What is expected: Gather all lines in the records below that include the word "name".
===== Data extract
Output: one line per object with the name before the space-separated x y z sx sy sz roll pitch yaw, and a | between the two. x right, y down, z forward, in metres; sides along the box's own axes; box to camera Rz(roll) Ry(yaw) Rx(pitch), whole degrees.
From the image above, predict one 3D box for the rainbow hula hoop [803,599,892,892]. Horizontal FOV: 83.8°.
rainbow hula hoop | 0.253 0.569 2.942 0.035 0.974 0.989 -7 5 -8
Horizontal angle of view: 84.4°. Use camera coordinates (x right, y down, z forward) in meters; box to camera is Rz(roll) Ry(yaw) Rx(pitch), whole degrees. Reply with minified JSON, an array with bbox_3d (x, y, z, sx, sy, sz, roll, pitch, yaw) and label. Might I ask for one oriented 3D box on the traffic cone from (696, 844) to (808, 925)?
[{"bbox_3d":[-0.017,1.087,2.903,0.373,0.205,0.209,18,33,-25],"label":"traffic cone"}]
==========
===== Data extract
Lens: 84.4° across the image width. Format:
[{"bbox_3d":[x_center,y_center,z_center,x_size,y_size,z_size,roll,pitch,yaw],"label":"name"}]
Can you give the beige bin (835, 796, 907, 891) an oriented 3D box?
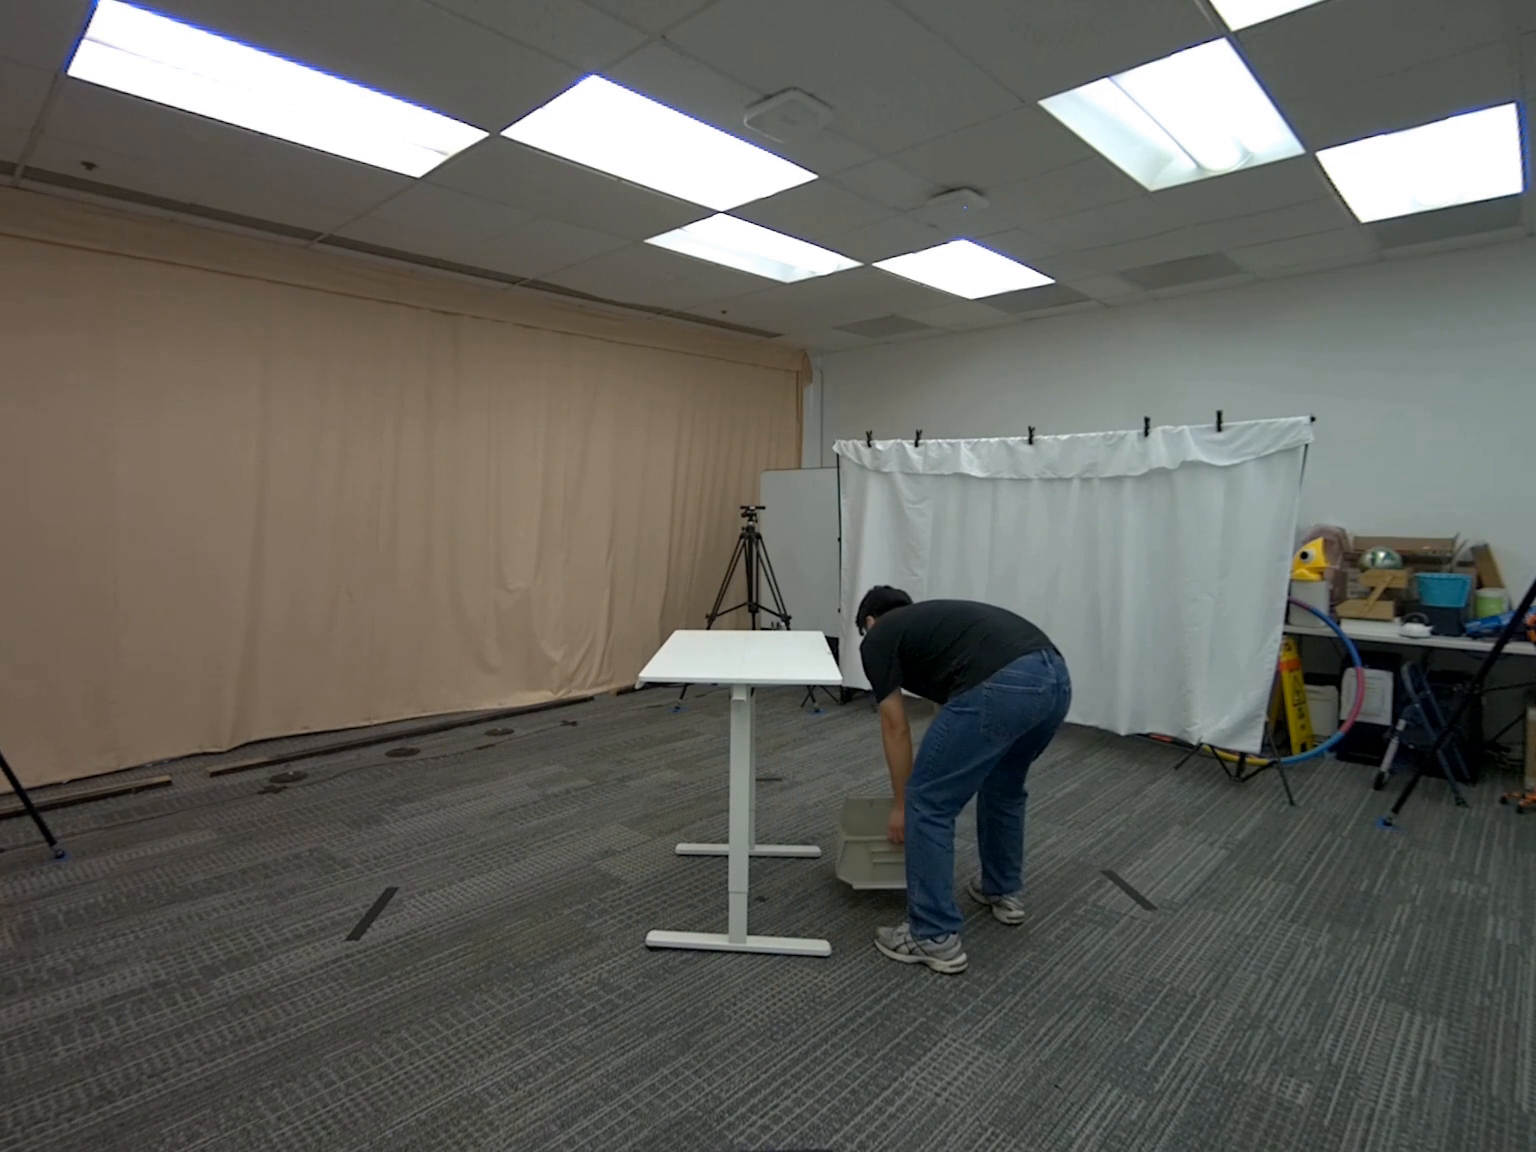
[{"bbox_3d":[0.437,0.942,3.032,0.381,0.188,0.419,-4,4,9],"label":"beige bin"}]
==========
Answer to this exercise:
Output: one line per object with the name before the space-separated x y z sx sy sz roll pitch yaw, and a | between the two. x right, y down, z forward, in metres; sides along the box's own axes; box to camera Rz(roll) Ry(yaw) Rx(pitch), whole degrees.
[{"bbox_3d":[x_center,y_center,z_center,x_size,y_size,z_size,roll,pitch,yaw],"label":"name"}]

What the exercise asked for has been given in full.